Linux Kernel HFS Slab-Out-Of-Bounds Vulnerability in B-Node Functions

A slab-out-of-bounds vulnerability has been identified in the Linux kernel's handling of HFS (Hierarchical File System) B-nodes. This issue arises in several functions, including 'hfs_bnode_read', 'hfs_bnode_write', 'hfs_bnode_clear', 'hfs_bnode_copy', and 'hfs_bnode_move'. The vulnerability allows for memory access beyond allocated boundaries, which can lead to crashes. The issue has been addressed by introducing two new methods: 'is_bnode_offset_valid', which checks the validity of offset values, and 'check_and_correct_requested_length', which verifies and adjusts requested lengths as needed.

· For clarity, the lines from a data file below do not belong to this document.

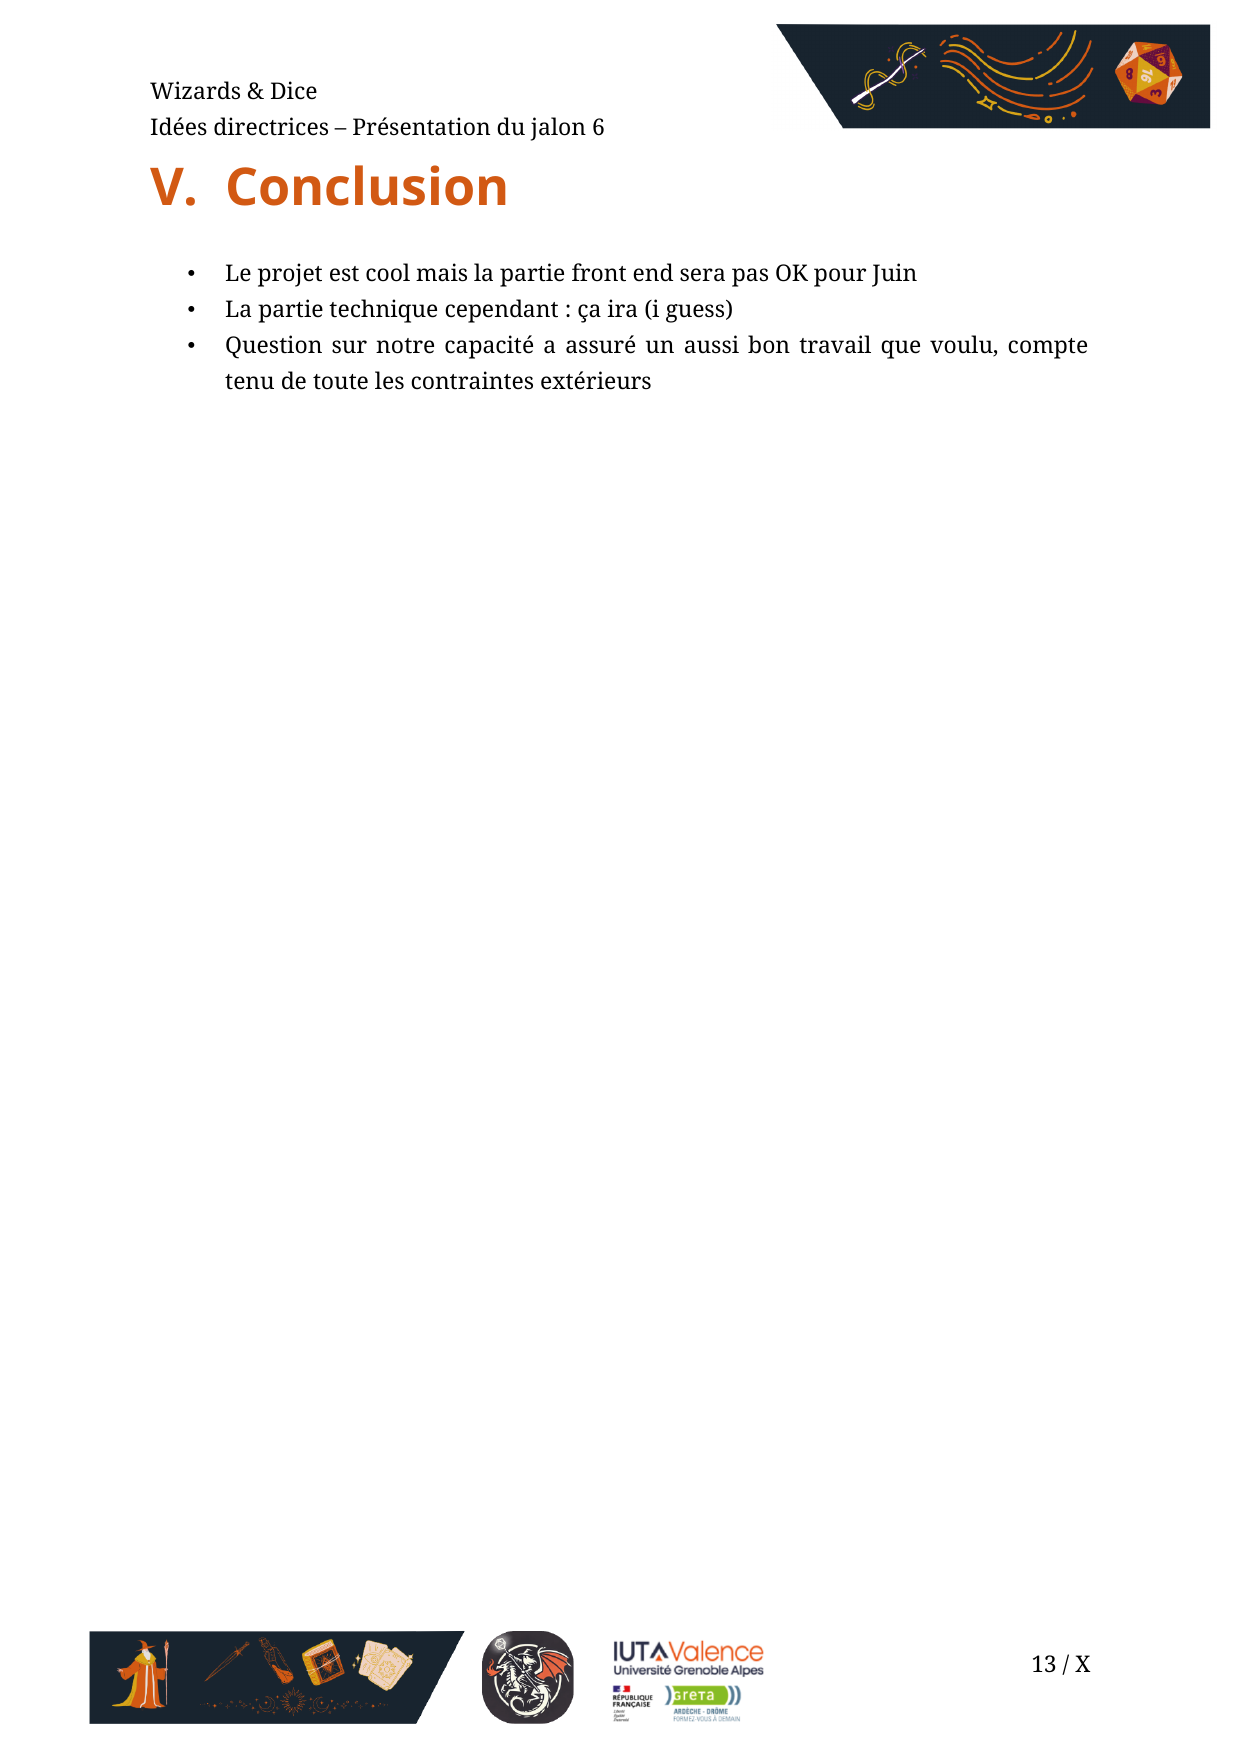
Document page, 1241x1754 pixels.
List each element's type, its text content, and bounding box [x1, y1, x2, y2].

list Question sur notre capacité a assuré un aussi bon travail que voulu, compte tenu de toute les contraintes extérieurs [187, 329, 1090, 396]
picture [771, 21, 1218, 131]
list Le projet est cool mais la partie front end sera pas OK pour Juin [187, 257, 1090, 288]
subtitle Conclusion [150, 150, 1090, 221]
list La partie technique cependant : ça ira (i guess) [187, 293, 1090, 324]
picture [81, 1620, 788, 1733]

These methods are now integrated into the B-node functions to prevent out-of-bounds memory access.

Impact

The vulnerability could be exploited to cause a denial-of-service condition by crashing the system or application.

Reproduction

The vulnerability can be reproduced by invoking the affected HFS B-node functions with invalid offset or length parameters that exceed the allocated memory boundaries. This can be done by manually adjusting the offset or length values to create a slab-out-of-bounds condition, which will trigger the vulnerability and cause a crash.

Remediation

Users can upgrade to the latest version of the Linux kernel where this vulnerability has been patched. Instructions for upgrading the kernel can be found in the official Linux kernel documentation.